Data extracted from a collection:
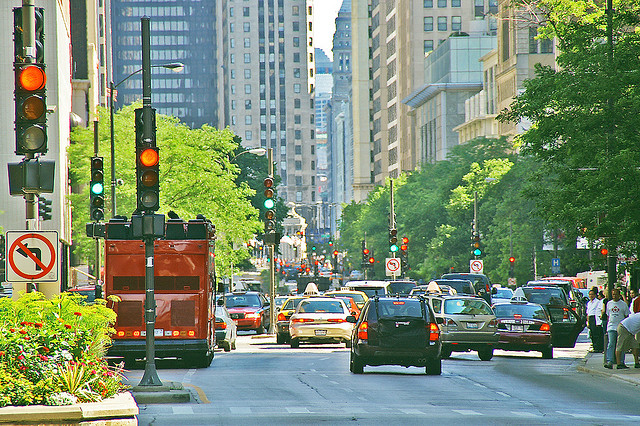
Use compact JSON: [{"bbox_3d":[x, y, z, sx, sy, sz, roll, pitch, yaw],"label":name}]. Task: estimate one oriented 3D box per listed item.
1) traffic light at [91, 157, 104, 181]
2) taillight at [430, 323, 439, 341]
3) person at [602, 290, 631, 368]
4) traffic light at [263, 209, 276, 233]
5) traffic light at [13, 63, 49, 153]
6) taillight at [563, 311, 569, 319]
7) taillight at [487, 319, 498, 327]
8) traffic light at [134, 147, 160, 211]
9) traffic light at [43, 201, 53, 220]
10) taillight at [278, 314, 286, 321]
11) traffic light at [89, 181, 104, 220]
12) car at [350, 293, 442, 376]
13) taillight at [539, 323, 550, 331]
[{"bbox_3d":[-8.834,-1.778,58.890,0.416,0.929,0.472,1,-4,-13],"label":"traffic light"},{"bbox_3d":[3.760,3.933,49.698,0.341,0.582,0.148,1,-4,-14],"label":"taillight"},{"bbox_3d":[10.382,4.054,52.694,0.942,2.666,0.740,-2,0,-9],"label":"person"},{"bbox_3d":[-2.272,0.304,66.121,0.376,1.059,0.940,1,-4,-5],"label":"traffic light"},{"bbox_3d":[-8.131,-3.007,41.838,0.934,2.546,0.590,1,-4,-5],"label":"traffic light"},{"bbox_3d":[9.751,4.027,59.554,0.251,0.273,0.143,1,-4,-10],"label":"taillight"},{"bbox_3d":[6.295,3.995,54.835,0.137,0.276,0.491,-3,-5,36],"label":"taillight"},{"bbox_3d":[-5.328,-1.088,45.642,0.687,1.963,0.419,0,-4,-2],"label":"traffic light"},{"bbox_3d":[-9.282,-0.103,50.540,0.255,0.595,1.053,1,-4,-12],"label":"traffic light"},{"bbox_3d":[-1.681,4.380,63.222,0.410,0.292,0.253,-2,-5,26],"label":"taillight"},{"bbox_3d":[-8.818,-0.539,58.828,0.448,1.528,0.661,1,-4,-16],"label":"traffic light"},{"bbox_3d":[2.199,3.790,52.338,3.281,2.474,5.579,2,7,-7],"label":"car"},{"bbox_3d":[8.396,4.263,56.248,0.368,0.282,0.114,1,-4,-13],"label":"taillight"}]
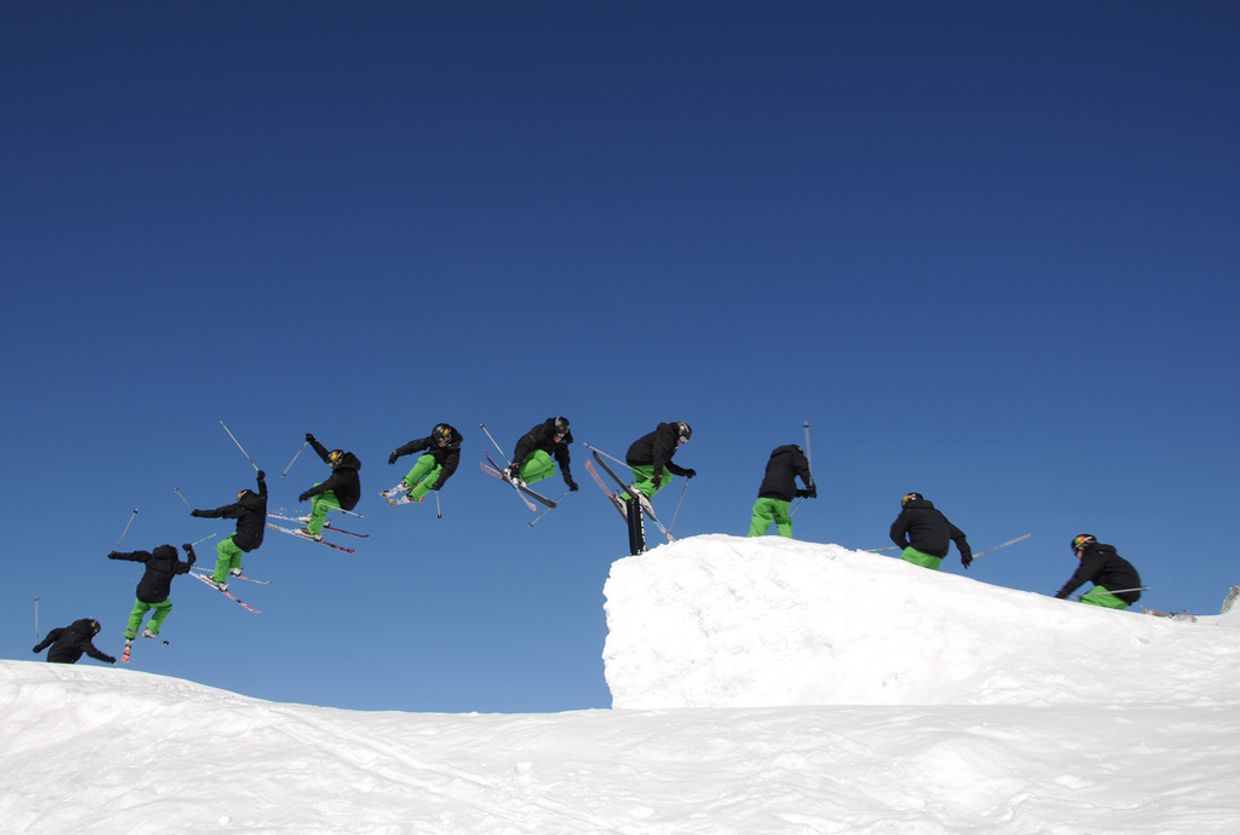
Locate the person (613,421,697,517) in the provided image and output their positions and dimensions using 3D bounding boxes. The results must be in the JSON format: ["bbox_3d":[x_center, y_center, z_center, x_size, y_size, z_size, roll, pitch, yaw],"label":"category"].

* * *

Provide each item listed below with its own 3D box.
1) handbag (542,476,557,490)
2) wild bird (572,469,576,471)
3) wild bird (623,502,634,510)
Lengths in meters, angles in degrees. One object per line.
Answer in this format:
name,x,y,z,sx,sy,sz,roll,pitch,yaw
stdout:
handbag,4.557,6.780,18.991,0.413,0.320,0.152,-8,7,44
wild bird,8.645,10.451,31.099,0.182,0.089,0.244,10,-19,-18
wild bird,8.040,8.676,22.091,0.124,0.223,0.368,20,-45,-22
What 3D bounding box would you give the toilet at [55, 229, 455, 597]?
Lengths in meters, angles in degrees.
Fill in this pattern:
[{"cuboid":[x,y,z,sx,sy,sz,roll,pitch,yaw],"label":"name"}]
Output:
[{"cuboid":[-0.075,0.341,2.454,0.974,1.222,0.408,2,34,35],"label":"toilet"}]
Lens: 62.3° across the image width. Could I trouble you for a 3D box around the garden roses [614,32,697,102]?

* * *

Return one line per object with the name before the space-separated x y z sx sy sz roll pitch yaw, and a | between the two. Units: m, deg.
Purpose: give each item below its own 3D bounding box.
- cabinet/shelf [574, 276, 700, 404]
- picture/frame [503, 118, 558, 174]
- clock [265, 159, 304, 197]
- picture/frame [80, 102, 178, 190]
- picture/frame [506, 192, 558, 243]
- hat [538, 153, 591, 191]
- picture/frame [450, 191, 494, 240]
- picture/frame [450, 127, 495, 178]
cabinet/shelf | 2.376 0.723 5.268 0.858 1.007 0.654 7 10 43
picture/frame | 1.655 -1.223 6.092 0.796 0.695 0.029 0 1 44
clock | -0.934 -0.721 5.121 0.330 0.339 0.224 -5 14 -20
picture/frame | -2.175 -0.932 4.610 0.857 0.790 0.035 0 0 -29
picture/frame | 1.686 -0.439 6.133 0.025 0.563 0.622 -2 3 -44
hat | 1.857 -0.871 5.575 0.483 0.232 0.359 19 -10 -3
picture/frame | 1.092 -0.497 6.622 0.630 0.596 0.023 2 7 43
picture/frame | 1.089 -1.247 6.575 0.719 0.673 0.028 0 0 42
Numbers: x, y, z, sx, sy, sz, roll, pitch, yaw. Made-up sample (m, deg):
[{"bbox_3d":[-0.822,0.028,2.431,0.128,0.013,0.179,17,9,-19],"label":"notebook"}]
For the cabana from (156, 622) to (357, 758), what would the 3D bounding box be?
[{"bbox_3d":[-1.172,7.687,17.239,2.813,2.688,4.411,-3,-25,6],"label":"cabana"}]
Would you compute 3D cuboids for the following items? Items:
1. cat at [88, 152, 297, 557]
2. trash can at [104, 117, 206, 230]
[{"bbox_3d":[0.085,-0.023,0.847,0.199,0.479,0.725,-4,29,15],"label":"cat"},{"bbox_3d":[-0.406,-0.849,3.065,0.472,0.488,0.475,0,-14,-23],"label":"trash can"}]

Instructions to follow: Retype, exactly and in full, the lines above from the one containing "Purpose: give each" through the one containing "- picture/frame [450, 191, 494, 240]".

Answer space:
Purpose: give each item below its own 3D bounding box.
- cabinet/shelf [574, 276, 700, 404]
- picture/frame [503, 118, 558, 174]
- clock [265, 159, 304, 197]
- picture/frame [80, 102, 178, 190]
- picture/frame [506, 192, 558, 243]
- hat [538, 153, 591, 191]
- picture/frame [450, 191, 494, 240]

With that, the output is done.